The objective of this paper is to address the applicability of using API RP 2GEO (2011) for the design of wind turbine monopile foundations in normally to moderately overconsolidated clays. The study involved three-dimensional numerical modeling using the finite-element method, one-g laboratory model testing, and analysis of field test results. The following conclusions concerning the use of Matlock (1970) soft clay p-y curves for the design of large-diameter monopile foundations are drawn:
Numerical modeling and model-scale testing with rigid piles of different diameters indicate that the form of the Matlock (1970) p-y curves, in which the lateral displacement is normalized by pile diameter and lateral soil resistance is normalized by the ultimate resistance, appropriately captures the effect of pile diameter.
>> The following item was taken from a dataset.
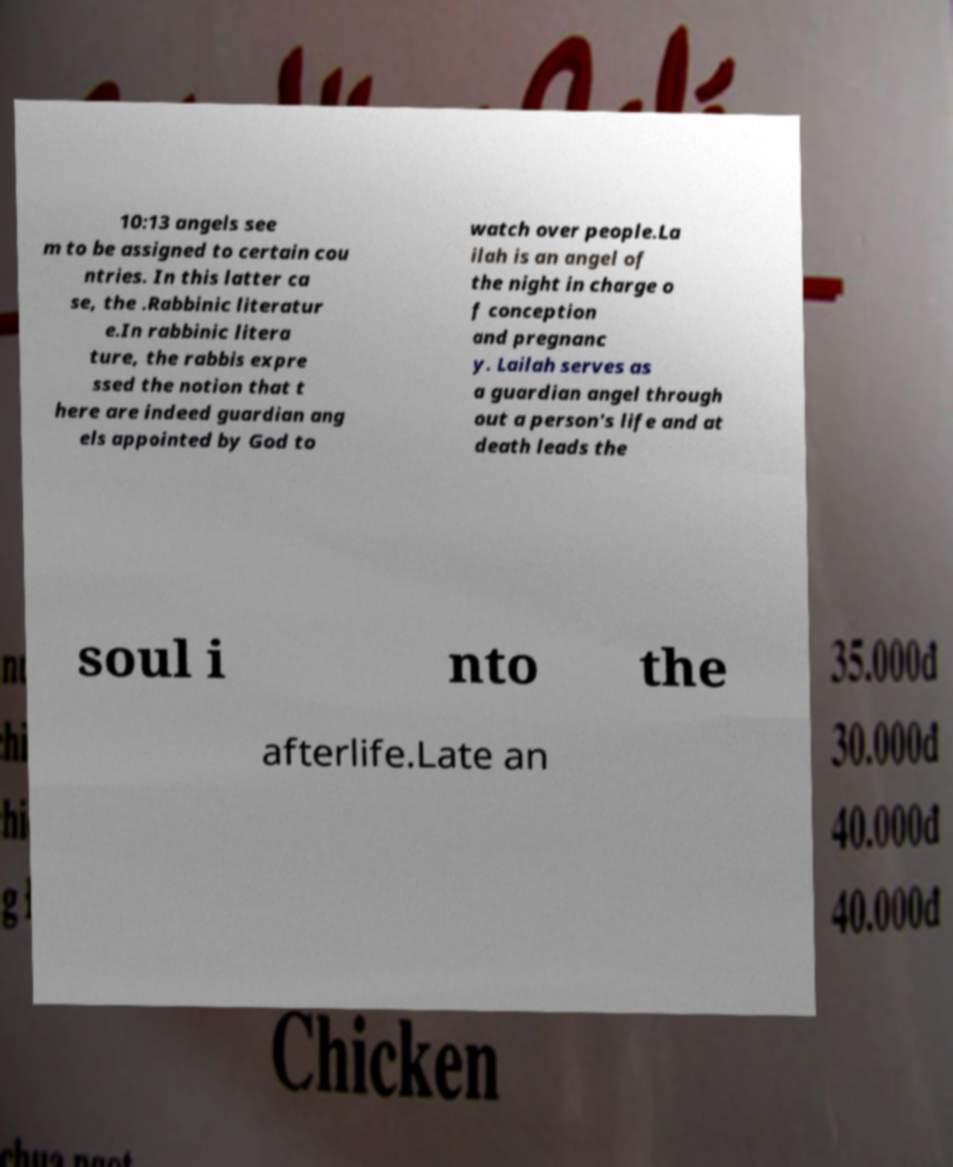Please read and relay the text visible in this image. What does it say? 10:13 angels see m to be assigned to certain cou ntries. In this latter ca se, the .Rabbinic literatur e.In rabbinic litera ture, the rabbis expre ssed the notion that t here are indeed guardian ang els appointed by God to watch over people.La ilah is an angel of the night in charge o f conception and pregnanc y. Lailah serves as a guardian angel through out a person's life and at death leads the soul i nto the afterlife.Late an

Field and model testing indicate that the Matlock (1970) p-y models consistently overestimate the lateral displacements at the pile head when used to analyze laterally loaded piles in normally to moderately overconsolidated clays.
An approximate version of the Jeanjean (2009) p-y model, in which the Matlock (1970) p-y curves are scaled by p-multipliers calculated at various depths, generally provides a reasonable match to measured lateral displacements at the pile head when a relatively large strain at one-half the undrained shear strength is assumed, i.e., ?50 = 0.02. This result applies both to small scale model tests in kaolinite and large-scale field tests in high-plasticity clay.
Model tests show that cyclic loading causes the stiffness of the lateral pile-soil response to degrade by 20 to 30 percent. The amount of degradation is dependent on the displacement amplitude and the number of cycles. All of the degradation happens within 100 cycles, after which the stiffness is reasonably constant.
Model tests show that the ultimate lateral capacity of the pile is not significantly affected by the previous cyclic loading.